In questo senso, il trionfo della televisione privata negli anni Ottanta e' probabilmente il completamento di questa transizione, almeno dal punto di vista ideale. Come illustrato da Perry Anderson, “l'ondata di una nuova cultura di massa secolarizzata e pienamente americanizzata fu una questione diversa. Colti di sorpresa, l'apparato e l'intellighentsia del partito [comunista]... furono travolti. Sebbene un dialogo critico con la cultura pop non fosse mancato... il PCI non riusci' a relazionarsi con esso... il risultato fu una voragine tale fra la sensibilita' dell'elite istruita e quella delle masse che il Paese rimase piu' o meno senza difese davanti alla contro-rivoluzione culturale dell'impero televisivo di Berlusconi”. Cosi', il controllo degli intellettuali organici della televisione e dei mezzi di comunicazione permette all'apparato di potere mediatico-finanziario attorno a Fininvest di modificare in profondita' l'immaginario degli italiani, privi di strumenti capaci di fronteggiare l'invasione di una nuova cultura popolare; l'alleanza tattica con il PSI illustra bene la mutazione in corso: da una parte, la necessita' di trovare degli interlocutori nel mondo della politica che proteggano questo impero in costruzione e la sua rivoluzione in corso; dall'altra, la trasformazione di uno dei partiti storici della sinistra italiana in megafono della rivoluzione culturale in atto.

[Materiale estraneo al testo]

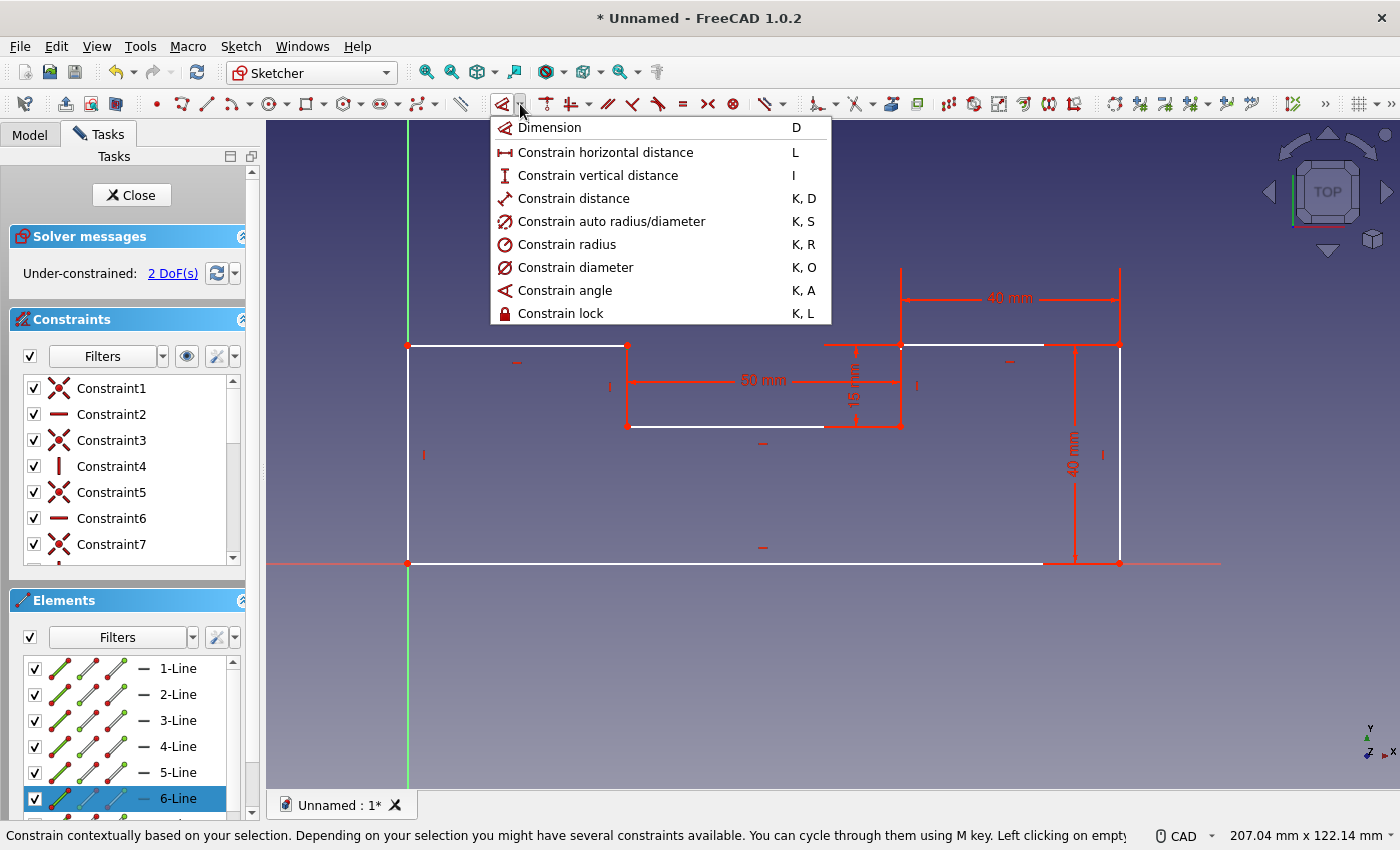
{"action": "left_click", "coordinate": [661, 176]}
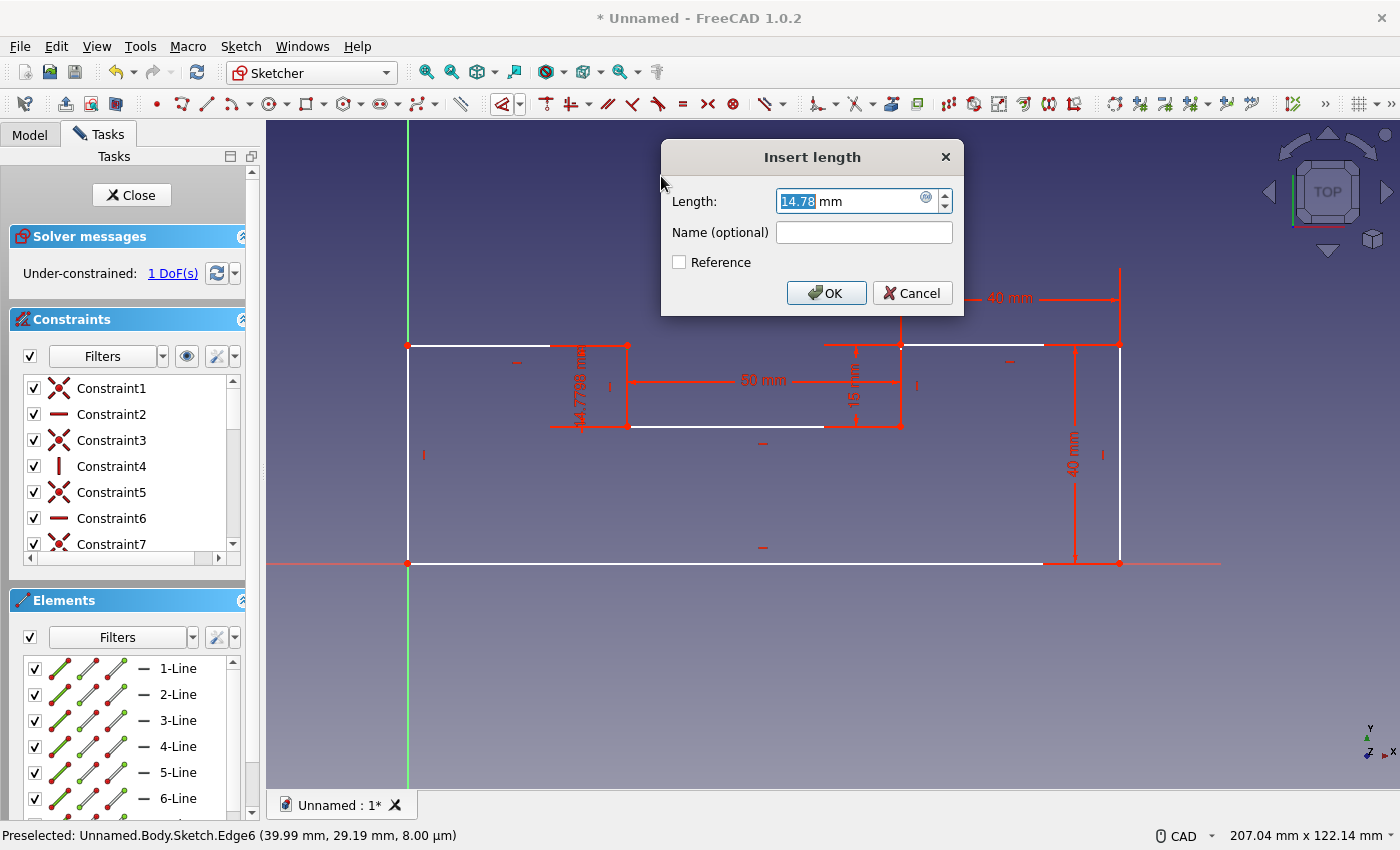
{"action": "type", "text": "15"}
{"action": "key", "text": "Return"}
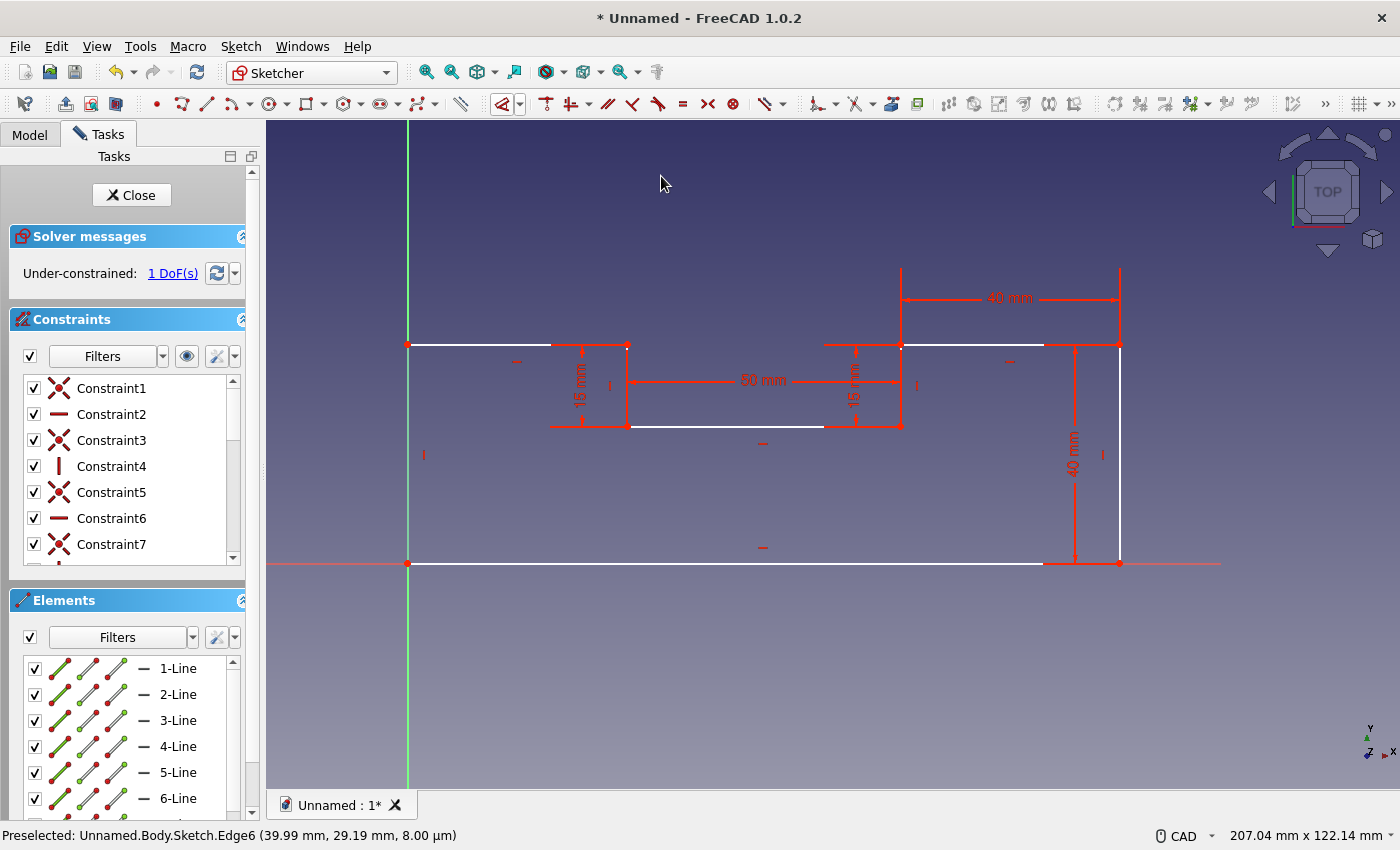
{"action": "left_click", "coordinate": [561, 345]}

Nella seconda fase dell'egemonia berlusconiana, gli “intellettuali tradizionali” [14] si adeguano al nuovo clima culturale, spostandosi gradualmente dall'orbita della sinistra per decostruirne i miti fondativi e la narrative storica e spalancare la porta ad una revisione dell'universo culturale dominante. E' inutile passare in rassegna l'opera di ripensamento compiuta dagli anni Ottanta ad oggi dalla classe intellettuale italiana su concetti come “mercato”, “Resistenza”, “Stato” ecc. Sulla scia dei Nouveax Philosophes francesi e del dibattito in corso nel mondo anglosassone, gli accademici e intellettuali italiani hanno ridisegnato completamente la cultura “alta” italiana, completando cosi' l'opera di ridefinizione della societa' civile del Paese [15]. Benche' la sinistra sia rimasta arroccata nelle universita', nelle scuole e nel mondo dell'arte, la perdita dell'egemonia culturale (mascherata dal mantenimento di una serie di artisti e intellettuali vicini alla sinistra negli ambienti della cultura alta) ha portato ad uno slittamento a destra del dibattito pubblico a tutti i livelli [16], seguito successivamente dal distacco fra cultura alta e cultura popolare durante l'ingresso in politica di Silvio Berlusconi.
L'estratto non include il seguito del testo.